Mauro Varejão, dono da marmoria Real Rio, no Rio de Janeiro, viu a parcela de exportações da sua empresa cair de 30%, entre 2004 e 2005, para os 5% atuais. 'Hoje nem adianta dar preços no exterior', diz Varejão, que é diretor da Federação das Indústrias do Estado do Rio de Janeiro (Firjan) e presidente do Fórum de Rochas Ornamentais.

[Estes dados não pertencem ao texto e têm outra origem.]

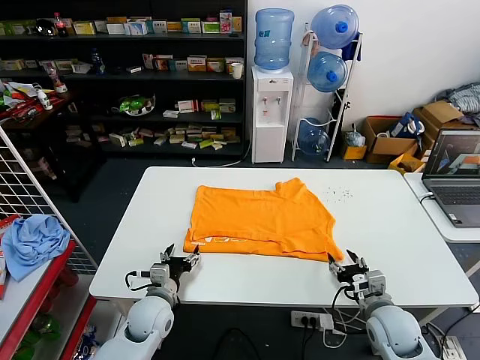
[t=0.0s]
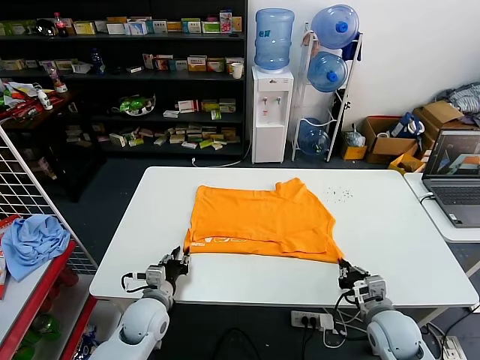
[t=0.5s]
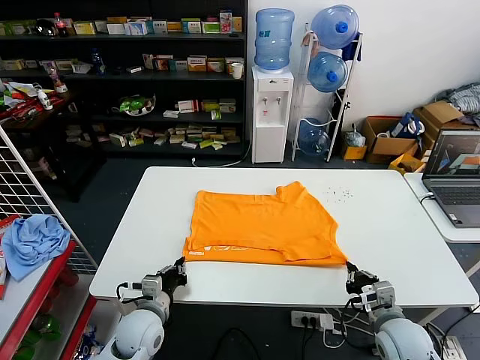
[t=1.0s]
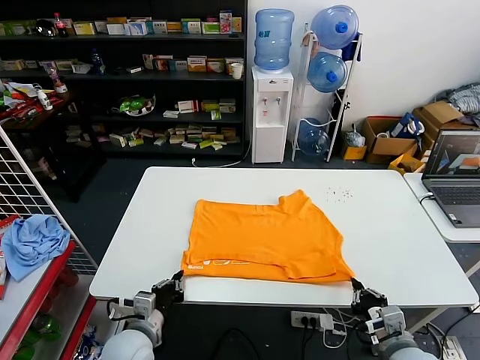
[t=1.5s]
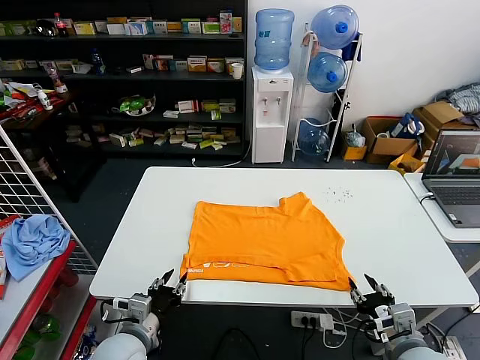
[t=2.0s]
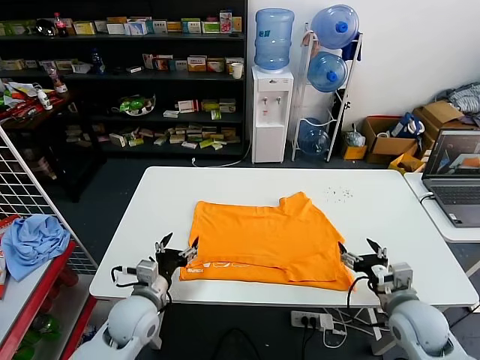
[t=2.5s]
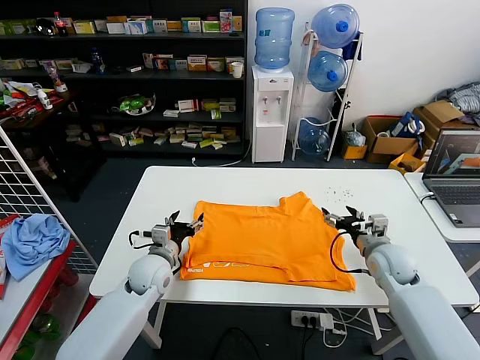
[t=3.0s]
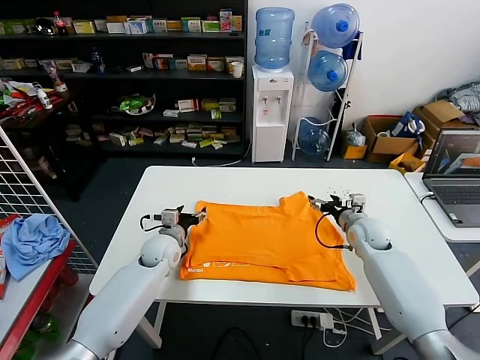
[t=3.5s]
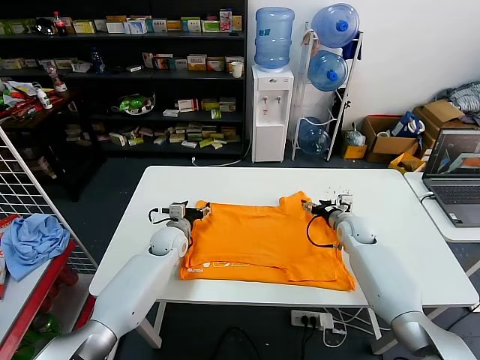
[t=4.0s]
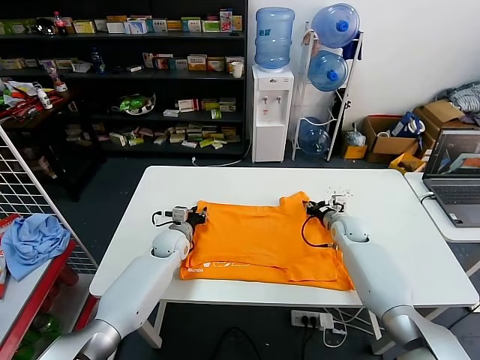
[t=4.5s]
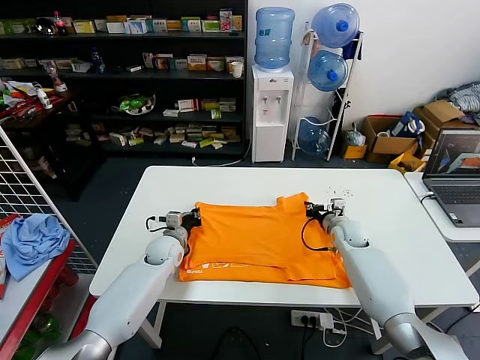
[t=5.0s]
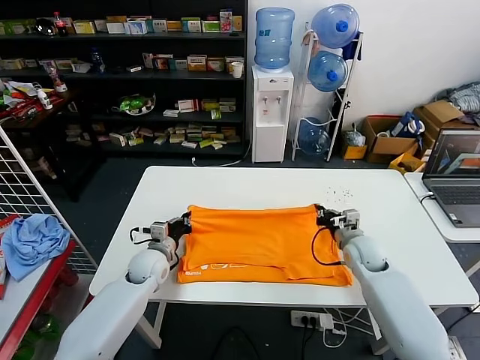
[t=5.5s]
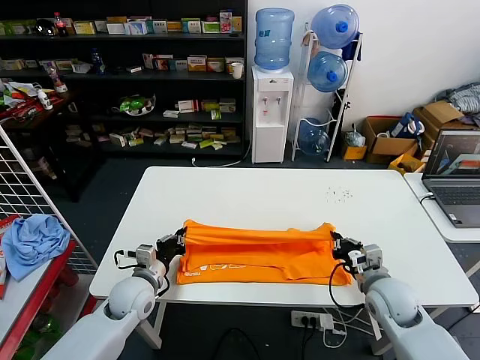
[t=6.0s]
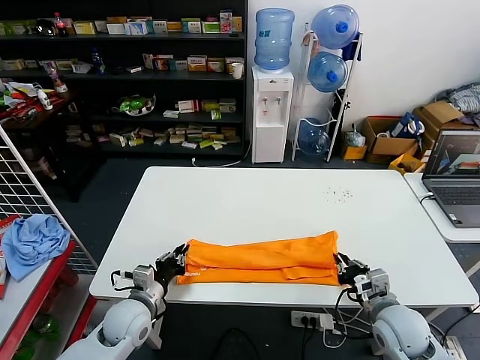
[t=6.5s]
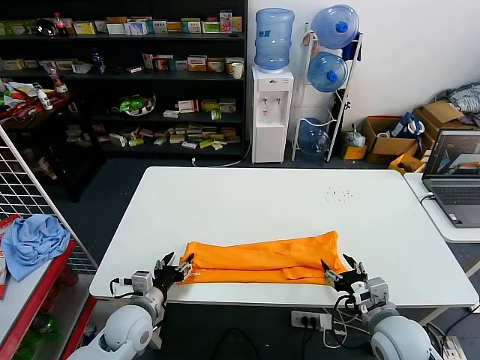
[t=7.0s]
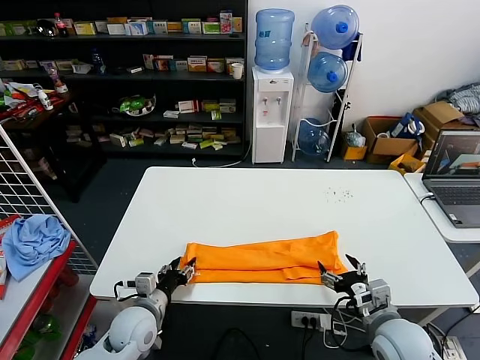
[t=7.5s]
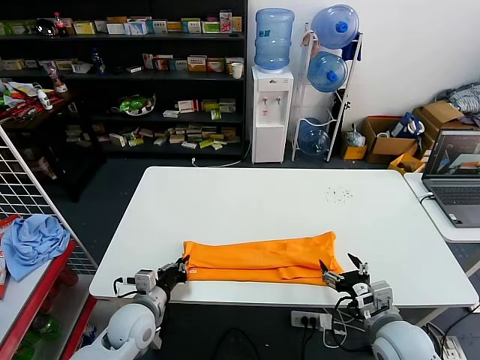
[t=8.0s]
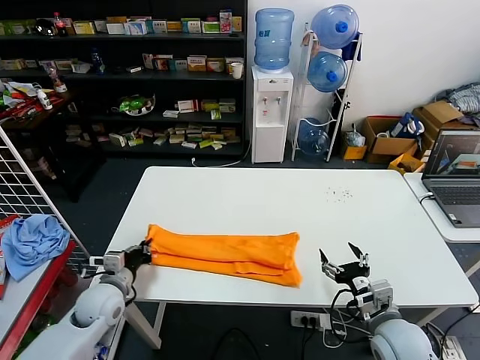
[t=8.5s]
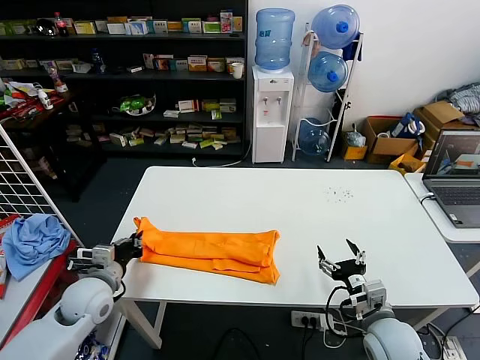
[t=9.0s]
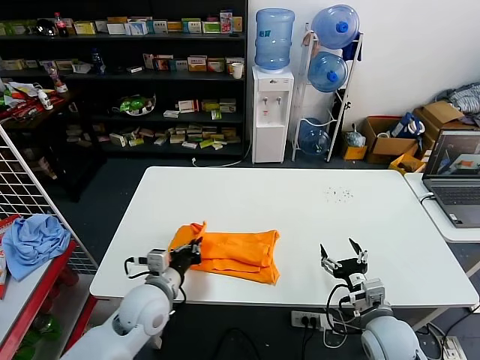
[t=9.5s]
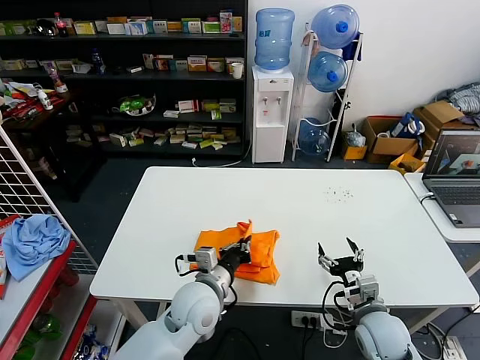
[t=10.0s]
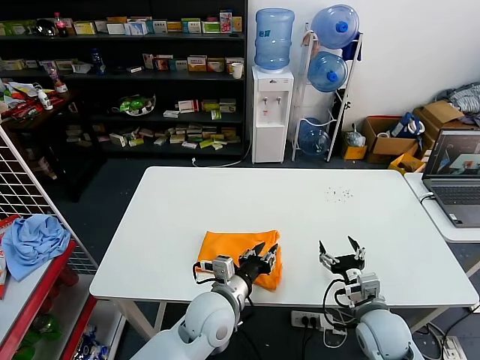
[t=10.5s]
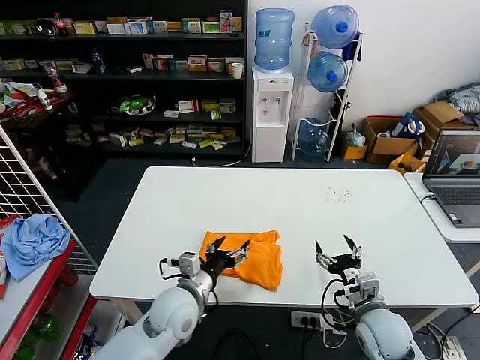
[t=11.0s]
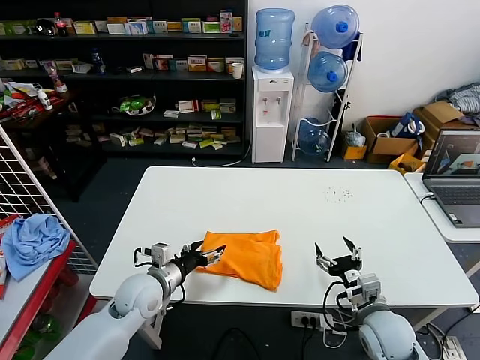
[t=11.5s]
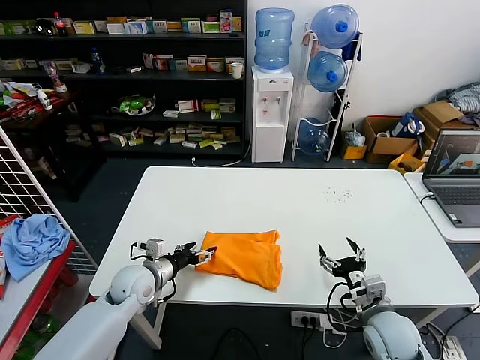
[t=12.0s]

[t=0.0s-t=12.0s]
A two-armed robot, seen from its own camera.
Task of the whole recording: fold and organize the clothes.
Step, t=0.0s to t=1.5s: Drag the clothes downward with both gripper.
Step, t=2.0s to t=4.5s: use both grippers simultaneously to clamp the upper edge of the clothing fabric.
Step, t=5.5s to t=6.5s: use both grippers to drag the upper edge of the fabric backward and fold it over the lower edge.
Step, t=7.0s to t=8.0s: use the left gripper to clamp the left edge of the fabric.
Step, t=8.5s to t=10.5s: use the left gripper to drag the left edge of the fabric to the left and folds it over the right edge.
t=0.0s to t=2.0s: The two grippers go approximately 10 cm backward and upward. The right gripper closes and opens again, while the left gripper closes up.
t=2.0s to t=4.0s: Both grippers travel together forward, about 30 cm. The left gripper opens up.
t=4.0s to t=6.0s: The two grippers go roughly 20 cm backward. The right gripper closes its fingers; the left gripper closes its fingers.
t=6.0s to t=8.0s: Both grippers move backward, about 5 cm. The right gripper opens up. The left gripper opens and closes again.
t=8.0s to t=10.0s: The right gripper moves roughly 5 cm. Meanwhile the left gripper is displaced to the right and upward by some 15 cm.
t=10.0s to t=12.0s: The left gripper is displaced to the left and forward by roughly 15 cm, and opens up.

O setor de mármore e granito é outro que teve um avanço exportador espetacular nos últimos anos, saindo de US$ 210 milhões de vendas externas em 1998 para US$ 1,05 bilhão em 2006, apesar da valorização cambial. O segmento também evoluiu em termos de valor agregado. Em 1998, as exportações de rochas processadas foram de 44% do total. Em 2006, o produto processado já correspondia a 80%. Em volumes físicos, a exportação total passou de 920 mil toneladas em 1998 para 2,6 milhões em 2006.

Apesar da exuberância dos números, a quantidade de empresas exportadoras caiu 17% de 2005 para 2006, de 877 para 731.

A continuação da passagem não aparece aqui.